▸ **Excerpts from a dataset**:
== Segment start ==
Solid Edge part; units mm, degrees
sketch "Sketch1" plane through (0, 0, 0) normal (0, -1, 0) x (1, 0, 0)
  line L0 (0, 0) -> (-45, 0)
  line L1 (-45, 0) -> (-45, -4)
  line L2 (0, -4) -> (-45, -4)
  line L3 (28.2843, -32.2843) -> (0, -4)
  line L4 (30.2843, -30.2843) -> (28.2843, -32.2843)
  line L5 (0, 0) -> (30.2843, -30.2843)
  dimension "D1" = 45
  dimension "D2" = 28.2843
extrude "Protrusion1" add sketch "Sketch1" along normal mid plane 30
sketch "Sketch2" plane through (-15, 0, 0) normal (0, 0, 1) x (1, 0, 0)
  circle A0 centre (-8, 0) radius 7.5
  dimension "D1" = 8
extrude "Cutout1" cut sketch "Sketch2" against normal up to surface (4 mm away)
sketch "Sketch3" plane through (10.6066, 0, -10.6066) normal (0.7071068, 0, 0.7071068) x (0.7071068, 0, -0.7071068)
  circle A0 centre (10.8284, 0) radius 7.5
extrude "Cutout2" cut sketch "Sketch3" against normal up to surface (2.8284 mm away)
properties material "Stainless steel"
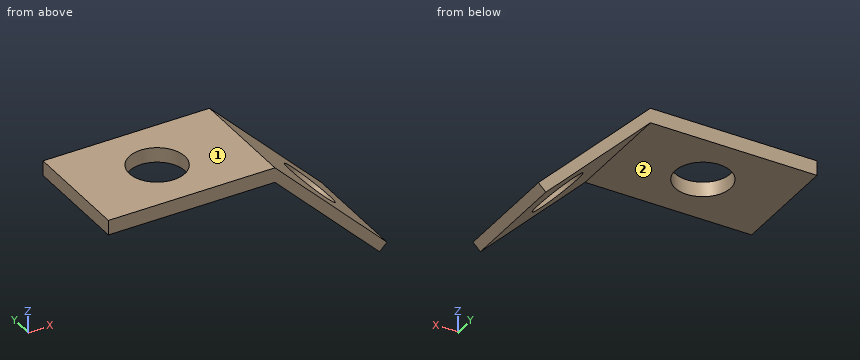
== Segment end ==
▸ **Exercise**: Each entry above must be set down word for word; none of its pictures belong in the copy.

▸ **Solution for this exercise**:
Solid Edge part; units mm, degrees
sketch "Sketch1" plane through (0, 0, 0) normal (0, -1, 0) x (1, 0, 0)
  line L0 (0, 0) -> (-45, 0)
  line L1 (-45, 0) -> (-45, -4)
  line L2 (0, -4) -> (-45, -4)
  line L3 (28.2843, -32.2843) -> (0, -4)
  line L4 (30.2843, -30.2843) -> (28.2843, -32.2843)
  line L5 (0, 0) -> (30.2843, -30.2843)
  dimension "D1" = 45
  dimension "D2" = 28.2843
extrude "Protrusion1" add sketch "Sketch1" along normal mid plane 30
sketch "Sketch2" plane through (-15, 0, 0) normal (0, 0, 1) x (1, 0, 0)
  circle A0 centre (-8, 0) radius 7.5
  dimension "D1" = 8
extrude "Cutout1" cut sketch "Sketch2" against normal up to surface (4 mm away)
sketch "Sketch3" plane through (10.6066, 0, -10.6066) normal (0.7071068, 0, 0.7071068) x (0.7071068, 0, -0.7071068)
  circle A0 centre (10.8284, 0) radius 7.5
extrude "Cutout2" cut sketch "Sketch3" against normal up to surface (2.8284 mm away)
properties material "Stainless steel"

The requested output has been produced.